But in the interest of these now Screaming Socialists and Retardigans running for the Orifice of the Criminal In Chief, I thought it was my public duty to inform my readership as to the alternatives to an AR-15. Home defense has never been so much fun, but be aware it’s as dangerous to the user, and I -highly- recommend that the novice NOT fuck around.
LEGAL DISCLAIMER: Do NOT try this at Home. Do NOT build a flame thrower if you are a fucking moron with delusions of being a handyman. Do not use to dry pets.
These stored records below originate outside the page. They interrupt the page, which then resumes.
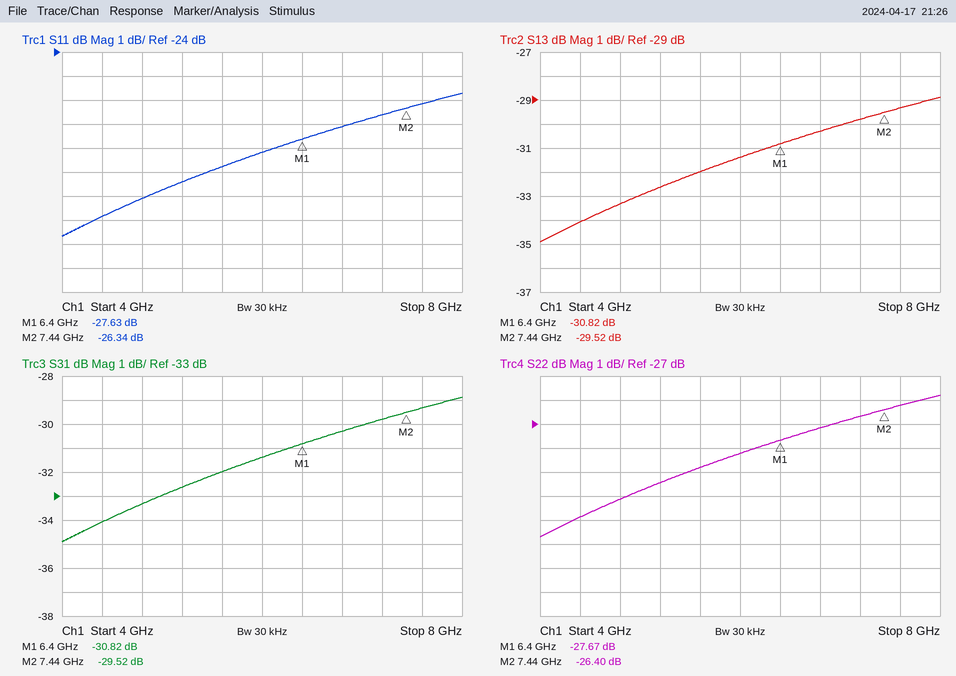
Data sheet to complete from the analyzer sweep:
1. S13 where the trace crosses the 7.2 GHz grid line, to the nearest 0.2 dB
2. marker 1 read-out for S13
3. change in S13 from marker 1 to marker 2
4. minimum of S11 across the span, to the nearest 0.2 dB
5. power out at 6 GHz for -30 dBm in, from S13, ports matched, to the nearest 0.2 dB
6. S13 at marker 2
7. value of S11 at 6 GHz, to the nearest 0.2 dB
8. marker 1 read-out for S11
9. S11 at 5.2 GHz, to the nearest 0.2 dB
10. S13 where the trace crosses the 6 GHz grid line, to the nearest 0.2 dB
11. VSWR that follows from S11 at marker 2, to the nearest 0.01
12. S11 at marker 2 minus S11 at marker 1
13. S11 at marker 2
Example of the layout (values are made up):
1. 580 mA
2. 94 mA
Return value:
1. -29.8 dB
2. -30.82 dB
3. 1.30 dB
4. -31.6 dB
5. -61.4 dBm
6. -29.52 dB
7. -28.2 dB
8. -27.63 dB
9. -29.4 dB
10. -31.4 dB
11. 1.10
12. 1.29 dB
13. -26.34 dB
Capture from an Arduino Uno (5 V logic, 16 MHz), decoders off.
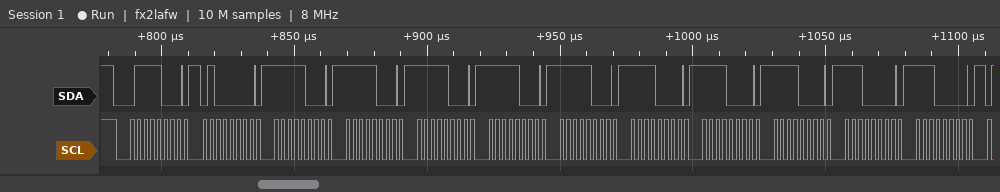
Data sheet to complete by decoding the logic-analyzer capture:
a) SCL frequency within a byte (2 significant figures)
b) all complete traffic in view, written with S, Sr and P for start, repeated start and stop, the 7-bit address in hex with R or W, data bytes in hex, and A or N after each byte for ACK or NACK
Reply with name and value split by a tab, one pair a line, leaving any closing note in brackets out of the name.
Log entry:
SCL frequency within a byte	400 kHz
all complete traffic in view, written with S, Sr and P for start, repeated start and stop, the 7-bit address in hex with R or W, data bytes in hex, and A or N after each byte for ACK or NACK	S 3CW A 40 A F8 A F8 A F8 A F8 A F8 A F0 A F0 A F0 A E0 A E0 A
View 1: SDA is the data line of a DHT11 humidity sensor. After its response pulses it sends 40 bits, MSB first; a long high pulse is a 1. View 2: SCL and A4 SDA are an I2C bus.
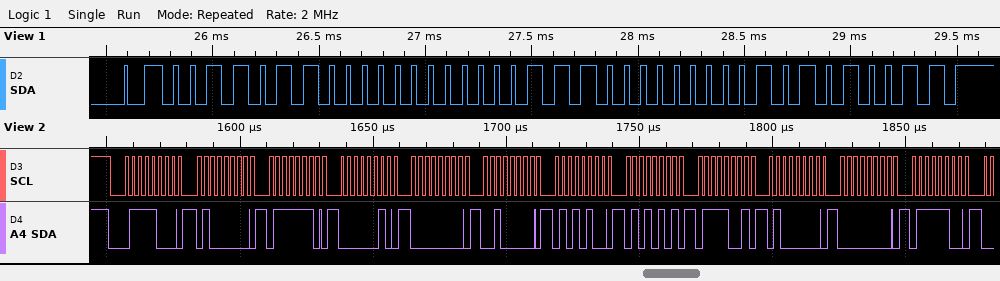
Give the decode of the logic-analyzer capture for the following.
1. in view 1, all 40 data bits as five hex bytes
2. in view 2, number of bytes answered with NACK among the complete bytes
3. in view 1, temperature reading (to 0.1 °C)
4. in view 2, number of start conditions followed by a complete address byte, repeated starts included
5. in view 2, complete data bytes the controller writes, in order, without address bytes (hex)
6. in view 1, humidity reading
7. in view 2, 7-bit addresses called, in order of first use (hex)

36 00 1C 01 53
0
28.1 °C
1
40 7E 02 00 20 54 55 79 40 00 7C
54 %
0x3C
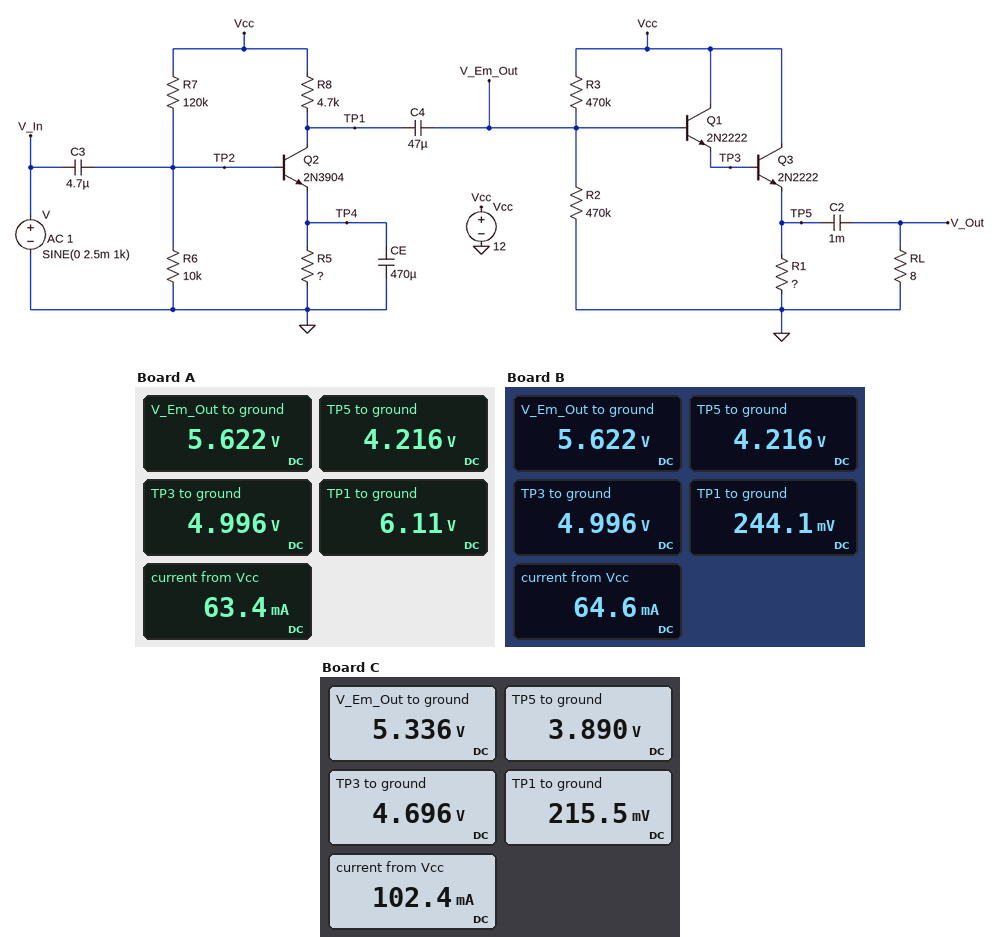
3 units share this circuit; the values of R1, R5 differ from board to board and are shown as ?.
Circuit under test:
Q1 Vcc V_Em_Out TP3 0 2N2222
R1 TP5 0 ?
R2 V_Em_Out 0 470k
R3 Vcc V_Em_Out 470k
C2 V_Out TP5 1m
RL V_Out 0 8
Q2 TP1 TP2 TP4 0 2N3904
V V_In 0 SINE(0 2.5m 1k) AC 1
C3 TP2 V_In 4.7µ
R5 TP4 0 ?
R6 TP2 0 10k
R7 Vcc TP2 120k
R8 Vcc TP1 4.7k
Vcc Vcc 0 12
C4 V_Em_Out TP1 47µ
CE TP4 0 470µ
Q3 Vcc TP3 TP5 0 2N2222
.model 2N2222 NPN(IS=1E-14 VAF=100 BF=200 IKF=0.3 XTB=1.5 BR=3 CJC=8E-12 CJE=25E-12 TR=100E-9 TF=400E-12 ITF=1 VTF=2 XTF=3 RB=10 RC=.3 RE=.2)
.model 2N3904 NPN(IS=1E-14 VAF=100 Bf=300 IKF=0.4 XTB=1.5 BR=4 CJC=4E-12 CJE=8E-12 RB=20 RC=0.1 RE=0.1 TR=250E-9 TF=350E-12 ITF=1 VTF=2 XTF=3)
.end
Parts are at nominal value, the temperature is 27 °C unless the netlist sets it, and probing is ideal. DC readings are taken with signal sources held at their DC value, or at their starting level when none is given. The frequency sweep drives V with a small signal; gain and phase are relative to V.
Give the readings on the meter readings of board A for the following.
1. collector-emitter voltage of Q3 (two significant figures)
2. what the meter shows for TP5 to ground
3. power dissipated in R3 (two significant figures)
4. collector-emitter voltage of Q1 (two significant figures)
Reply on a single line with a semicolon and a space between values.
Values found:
7.8 V; 4.216 V; 87 µW; 7.0 V
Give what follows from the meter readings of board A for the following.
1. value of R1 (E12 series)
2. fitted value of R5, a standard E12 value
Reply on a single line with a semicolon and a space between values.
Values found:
68 Ω; 180 Ω
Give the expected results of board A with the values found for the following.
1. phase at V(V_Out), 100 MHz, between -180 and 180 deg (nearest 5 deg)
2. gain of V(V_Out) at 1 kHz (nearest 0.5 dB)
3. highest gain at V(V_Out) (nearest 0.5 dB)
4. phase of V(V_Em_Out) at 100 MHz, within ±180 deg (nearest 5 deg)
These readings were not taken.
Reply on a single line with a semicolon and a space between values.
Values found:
55 deg; 45.0 dB; 45.0 dB; 80 deg
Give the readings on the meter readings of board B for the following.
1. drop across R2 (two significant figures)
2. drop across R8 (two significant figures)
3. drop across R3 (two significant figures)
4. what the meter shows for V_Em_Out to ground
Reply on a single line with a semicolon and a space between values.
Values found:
5.6 V; 12 V; 6.4 V; 5.622 V
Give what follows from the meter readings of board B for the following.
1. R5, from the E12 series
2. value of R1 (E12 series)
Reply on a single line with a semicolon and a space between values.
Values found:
47 Ω; 68 Ω
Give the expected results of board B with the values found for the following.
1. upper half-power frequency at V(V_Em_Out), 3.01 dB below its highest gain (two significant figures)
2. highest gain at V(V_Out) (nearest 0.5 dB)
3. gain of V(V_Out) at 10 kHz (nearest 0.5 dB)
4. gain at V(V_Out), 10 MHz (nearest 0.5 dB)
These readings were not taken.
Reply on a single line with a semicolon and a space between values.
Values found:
430 kHz; 34.0 dB; 34.0 dB; 6.0 dB
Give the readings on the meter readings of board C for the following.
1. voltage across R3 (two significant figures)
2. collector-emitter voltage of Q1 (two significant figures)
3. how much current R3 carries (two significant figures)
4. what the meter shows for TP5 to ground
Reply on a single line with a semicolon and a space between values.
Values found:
6.7 V; 7.3 V; 14 µA; 3.890 V
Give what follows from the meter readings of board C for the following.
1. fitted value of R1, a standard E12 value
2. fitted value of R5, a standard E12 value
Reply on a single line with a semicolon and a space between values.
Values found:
39 Ω; 39 Ω
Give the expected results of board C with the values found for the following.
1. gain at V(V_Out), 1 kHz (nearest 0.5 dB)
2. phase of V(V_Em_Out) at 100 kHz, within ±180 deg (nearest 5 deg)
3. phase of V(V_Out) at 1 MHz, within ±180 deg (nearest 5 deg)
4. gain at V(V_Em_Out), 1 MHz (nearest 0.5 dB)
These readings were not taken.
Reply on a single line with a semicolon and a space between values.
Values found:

The author is strictly relaying humorous and theoretical anecdotes so please don’t blame me if you F.A.F.O. DO NOT BUILD IF IN THE STATE OF MARYLAND OR CALIFORNIA. Them fuckers got no sense of humor.
That being said and out of the way? as I said.
Legal.
Scares the FUCK out of Coparoaches.
Did I mention easy as fuck to build if yer not a complete fucking idiot?
And cheap? I got ALL the parts on Amazon with Prime shipping for less than $350. (This now being Modified by X2)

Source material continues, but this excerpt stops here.